Apple iCloud Service

Apple iCloud Service

Apple iCloud Service

Today’s a busy day in tech with the WWDC going down as we type and with that came the keynote given by Steve Jobs this morning. The Apple CEO made some major announcements and none more anticipated than the unveiling of the iCloud service that’s set to compete with similar services offered up by Amazon and Google. iCloud stores your content and wirelessly pushes it to all your devices. You get instant access to your music, apps, latest photos, and more and it keeps your email, contacts, and calendars up to date across all your devices with no syncing or managing required.

The best part about it is the price: Free. With this, you get 5GB at no charge and that’s way more room than one might think. Your purchased music, apps, and books, as well as your Photo Stream, don’t count against your free storage.

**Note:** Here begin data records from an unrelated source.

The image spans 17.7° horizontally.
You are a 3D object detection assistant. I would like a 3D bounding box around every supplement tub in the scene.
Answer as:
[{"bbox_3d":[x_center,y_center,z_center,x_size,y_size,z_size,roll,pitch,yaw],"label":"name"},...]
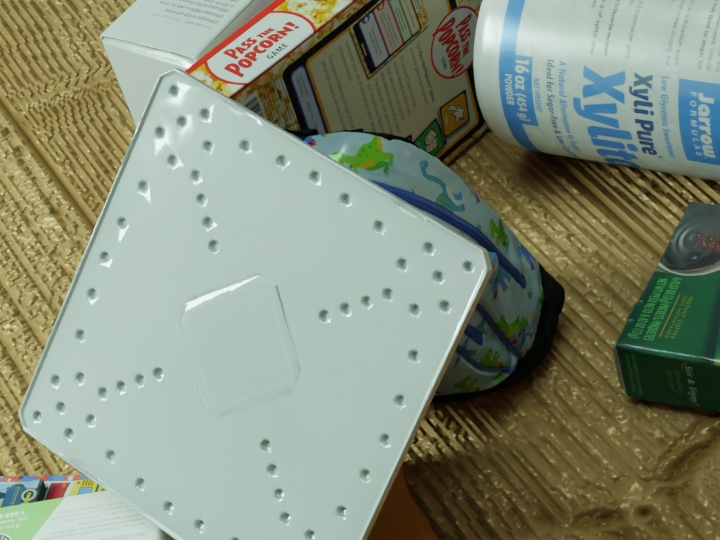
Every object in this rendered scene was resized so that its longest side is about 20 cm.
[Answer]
[{"bbox_3d":[0.178,-0.121,1.320,0.199,0.132,0.132,11,49,31],"label":"supplement tub"}]

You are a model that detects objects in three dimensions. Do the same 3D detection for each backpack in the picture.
[{"bbox_3d":[0.000,0.000,1.200,0.163,0.200,0.154,2,55,22],"label":"backpack"}]

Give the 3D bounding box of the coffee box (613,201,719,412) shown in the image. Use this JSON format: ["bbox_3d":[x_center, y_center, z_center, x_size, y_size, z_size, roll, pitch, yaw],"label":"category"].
[{"bbox_3d":[0.246,0.026,1.198,0.199,0.044,0.123,10,47,28],"label":"coffee box"}]

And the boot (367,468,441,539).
[{"bbox_3d":[0.011,0.121,1.152,0.200,0.071,0.144,-11,51,22],"label":"boot"}]

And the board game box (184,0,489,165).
[{"bbox_3d":[-0.007,-0.100,1.351,0.200,0.152,0.046,-40,45,-24],"label":"board game box"}]

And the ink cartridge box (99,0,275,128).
[{"bbox_3d":[-0.049,-0.139,1.413,0.084,0.145,0.200,17,52,35],"label":"ink cartridge box"}]

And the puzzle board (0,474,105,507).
[{"bbox_3d":[-0.155,0.181,1.199,0.150,0.017,0.200,-3,44,17],"label":"puzzle board"}]

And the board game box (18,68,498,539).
[{"bbox_3d":[-0.052,0.035,1.099,0.200,0.201,0.026,31,16,25],"label":"board game box"}]

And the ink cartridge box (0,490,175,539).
[{"bbox_3d":[-0.143,0.204,1.106,0.117,0.067,0.200,-10,42,10],"label":"ink cartridge box"}]

That leaves your mail, documents, Camera Roll, account information, settings, and other app data. The Camera Roll will probably eat the chunk of this 5GB but for a normal user, that’s still plenty of space.

Here are a few other key features that iCloud embodies:

iCloud’s innovative Photo Stream service automatically uploads the photos you take or import on any of your devices and wirelessly pushes them to all your devices and computers. So you can use your iPhone to take a dozen photos of your friends during the afternoon baseball game, and they will be ready to share with the entire group on your iPad (or even Apple TV) when you return home. Photo Stream is built into the photo apps on all iOS devices, iPhoto on Macs, and saved to the Pictures folder on a PC. To save space, the last 1,000 photos are stored on each device so they can be viewed or moved to an album to save forever. Macs and PCs will store all photos from the Photo Stream, since they have more storage. iCloud will store each photo in the cloud for 30 days, which is plenty of time to connect your devices to iCloud and automatically download the latest photos from Photo Stream via Wi-Fi.

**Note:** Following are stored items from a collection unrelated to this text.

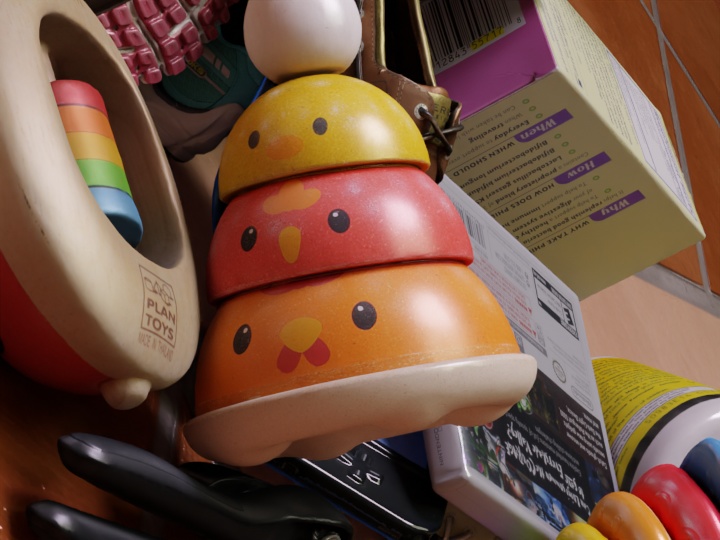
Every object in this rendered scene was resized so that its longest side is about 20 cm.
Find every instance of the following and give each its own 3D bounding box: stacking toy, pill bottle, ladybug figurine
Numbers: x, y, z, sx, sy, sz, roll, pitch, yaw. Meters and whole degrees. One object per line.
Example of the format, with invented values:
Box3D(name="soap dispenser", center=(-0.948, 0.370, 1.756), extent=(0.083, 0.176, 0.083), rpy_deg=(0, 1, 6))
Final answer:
Box3D(name="stacking toy", center=(-0.016, -0.027, 1.036), extent=(0.146, 0.145, 0.201), rpy_deg=(8, 69, -69))
Box3D(name="pill bottle", center=(0.152, 0.109, 1.402), extent=(0.113, 0.112, 0.200), rpy_deg=(55, -15, -22))
Box3D(name="stacking toy", center=(0.093, 0.162, 1.163), extent=(0.116, 0.199, 0.110), rpy_deg=(99, -30, -63))
Box3D(name="ladybug figurine", center=(-0.124, -0.030, 0.999), extent=(0.136, 0.072, 0.201), rpy_deg=(38, 28, -55))

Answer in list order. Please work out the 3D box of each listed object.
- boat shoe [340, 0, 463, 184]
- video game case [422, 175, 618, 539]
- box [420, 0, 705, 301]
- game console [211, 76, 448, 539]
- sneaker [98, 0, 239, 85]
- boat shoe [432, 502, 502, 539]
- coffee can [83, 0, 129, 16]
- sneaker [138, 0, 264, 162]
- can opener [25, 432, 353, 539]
Box3D(name="boat shoe", center=(0.009, -0.066, 1.149), extent=(0.072, 0.068, 0.201), rpy_deg=(16, 56, -65))
Box3D(name="video game case", center=(0.074, 0.056, 1.250), extent=(0.200, 0.023, 0.183), rpy_deg=(39, 35, -52))
Box3D(name="box", center=(0.066, -0.059, 1.413), extent=(0.200, 0.175, 0.097), rpy_deg=(41, 27, -49))
Box3D(name="game console", center=(0.000, 0.000, 1.182), extent=(0.170, 0.119, 0.200), rpy_deg=(31, 30, -6))
Box3D(name="sneaker", center=(-0.089, -0.150, 1.200), extent=(0.200, 0.074, 0.081), rpy_deg=(-36, 131, -39))
Box3D(name="boat shoe", center=(0.037, 0.116, 1.274), extent=(0.200, 0.072, 0.062), rpy_deg=(52, 31, 0))
Box3D(name="coffee can", center=(-0.153, -0.223, 1.083), extent=(0.146, 0.146, 0.201), rpy_deg=(42, 25, -47))
Box3D(name="sneaker", center=(-0.076, -0.136, 1.285), extent=(0.078, 0.079, 0.201), rpy_deg=(46, 22, -41))
Box3D(name="can opener", center=(-0.067, 0.107, 1.004), extent=(0.200, 0.078, 0.064), rpy_deg=(22, 82, -60))
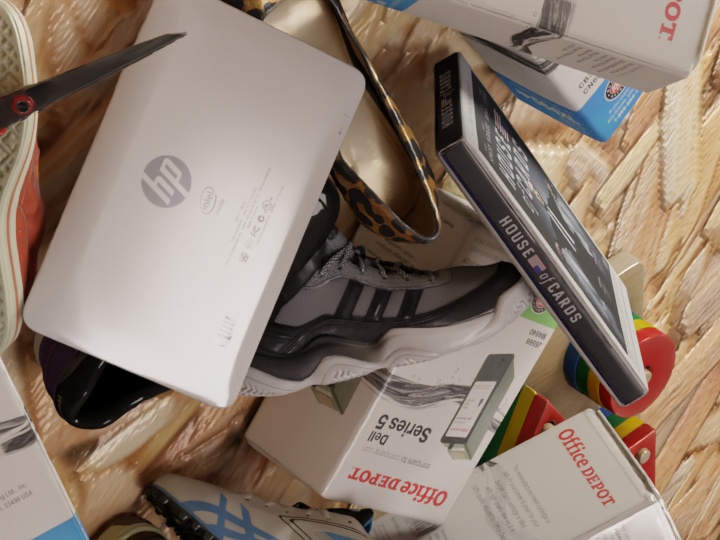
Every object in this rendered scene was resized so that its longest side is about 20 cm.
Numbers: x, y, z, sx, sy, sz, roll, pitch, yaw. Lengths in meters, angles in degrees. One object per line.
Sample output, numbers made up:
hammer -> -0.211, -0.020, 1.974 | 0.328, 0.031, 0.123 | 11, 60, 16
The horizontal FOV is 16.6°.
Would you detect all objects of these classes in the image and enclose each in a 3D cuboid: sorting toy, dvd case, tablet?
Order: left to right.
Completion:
tablet -> -0.087, -0.040, 1.326 | 0.130, 0.014, 0.201 | 24, 85, -21
dvd case -> 0.108, -0.027, 1.510 | 0.025, 0.150, 0.200 | -31, 111, 14
sorting toy -> 0.146, 0.120, 1.783 | 0.200, 0.070, 0.199 | -31, 136, -29

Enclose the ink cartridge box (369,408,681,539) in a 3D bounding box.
ink cartridge box -> 0.104, 0.193, 1.647 | 0.199, 0.146, 0.085 | -29, 115, 0

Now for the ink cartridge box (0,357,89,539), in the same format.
ink cartridge box -> -0.237, 0.105, 1.240 | 0.146, 0.086, 0.201 | -27, 97, -18

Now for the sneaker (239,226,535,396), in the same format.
sneaker -> 0.000, 0.000, 1.470 | 0.199, 0.075, 0.114 | -15, 101, -1

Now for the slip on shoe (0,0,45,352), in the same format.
slip on shoe -> -0.197, -0.052, 1.291 | 0.061, 0.074, 0.201 | -61, 157, -61

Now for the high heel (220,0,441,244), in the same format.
high heel -> -0.012, -0.104, 1.377 | 0.071, 0.143, 0.200 | -36, 140, -9

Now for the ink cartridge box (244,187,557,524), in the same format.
ink cartridge box -> 0.036, 0.054, 1.600 | 0.145, 0.084, 0.201 | 20, 101, -52

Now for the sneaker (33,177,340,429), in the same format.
sneaker -> -0.088, 0.022, 1.385 | 0.200, 0.088, 0.076 | -37, 121, 4

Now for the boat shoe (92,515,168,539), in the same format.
boat shoe -> -0.175, 0.250, 1.517 | 0.075, 0.075, 0.203 | 30, 92, -46

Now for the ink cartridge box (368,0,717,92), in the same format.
ink cartridge box -> 0.100, -0.199, 1.366 | 0.199, 0.084, 0.146 | 17, 84, -9

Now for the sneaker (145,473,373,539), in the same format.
sneaker -> -0.038, 0.170, 1.542 | 0.072, 0.199, 0.073 | 106, 8, -72

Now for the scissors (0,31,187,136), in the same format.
scissors -> -0.177, -0.075, 1.237 | 0.199, 0.014, 0.073 | -10, 121, 3

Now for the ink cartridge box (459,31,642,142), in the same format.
ink cartridge box -> 0.125, -0.193, 1.514 | 0.146, 0.084, 0.200 | -54, 143, -4

iCloud lets you download your previously purchased iTunes music to all your iOS devices at no additional cost, and new music purchases can be downloaded automatically to all your devices. In addition, music not purchased from iTunes can gain the same benefits by using iTunes Match, a service that replaces your music with a 256 kbps AAC DRM-free version if we can match it to the over 18 million songs in the iTunes Store®, it makes the matched music available in minutes (instead of weeks to upload your entire music library), and uploads only the small percentage of unmatched music. iTunes Match will be available this fall for a $24.99 annual fee. Apple today is releasing a free beta version of iTunes in the Cloud, without iTunes Match, for iPhone, iPad and iPod touch users running iOS 4.3. iTunes in the Cloud will support all iPhones that iOS 5 supports this fall.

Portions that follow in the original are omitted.